[Excerpts from a dataset]
^^^^

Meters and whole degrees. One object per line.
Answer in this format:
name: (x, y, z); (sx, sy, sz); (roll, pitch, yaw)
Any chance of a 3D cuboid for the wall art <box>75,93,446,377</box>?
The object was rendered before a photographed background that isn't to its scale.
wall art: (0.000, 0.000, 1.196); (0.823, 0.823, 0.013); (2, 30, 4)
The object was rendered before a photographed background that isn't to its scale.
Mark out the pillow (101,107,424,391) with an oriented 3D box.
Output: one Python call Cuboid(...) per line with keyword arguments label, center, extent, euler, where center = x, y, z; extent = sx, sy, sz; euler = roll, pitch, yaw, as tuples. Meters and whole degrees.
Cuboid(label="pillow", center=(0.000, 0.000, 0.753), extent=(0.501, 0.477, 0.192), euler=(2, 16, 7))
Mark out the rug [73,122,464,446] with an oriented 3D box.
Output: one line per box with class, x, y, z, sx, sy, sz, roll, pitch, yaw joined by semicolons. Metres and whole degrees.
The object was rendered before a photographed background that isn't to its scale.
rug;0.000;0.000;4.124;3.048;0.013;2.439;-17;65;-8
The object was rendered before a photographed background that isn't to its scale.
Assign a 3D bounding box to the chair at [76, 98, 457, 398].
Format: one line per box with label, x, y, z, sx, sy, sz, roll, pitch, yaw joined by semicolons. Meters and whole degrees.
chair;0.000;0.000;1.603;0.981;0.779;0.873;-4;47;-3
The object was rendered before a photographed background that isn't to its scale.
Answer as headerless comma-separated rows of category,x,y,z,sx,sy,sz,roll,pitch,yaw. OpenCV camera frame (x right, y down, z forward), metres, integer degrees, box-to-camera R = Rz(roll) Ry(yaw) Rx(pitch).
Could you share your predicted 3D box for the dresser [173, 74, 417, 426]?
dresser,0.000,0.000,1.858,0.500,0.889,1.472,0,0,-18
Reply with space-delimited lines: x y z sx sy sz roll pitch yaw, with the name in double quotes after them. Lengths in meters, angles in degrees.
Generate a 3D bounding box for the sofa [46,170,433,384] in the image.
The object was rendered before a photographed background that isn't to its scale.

^^^^

INSTRUCTIONS TO FOLLOW:
Every line in the records above that contains the word "bounding" is to be copied out.

EXERCISE RESULT:
Assign a 3D bounding box to the chair at [76, 98, 457, 398].
Generate a 3D bounding box for the sofa [46,170,433,384] in the image.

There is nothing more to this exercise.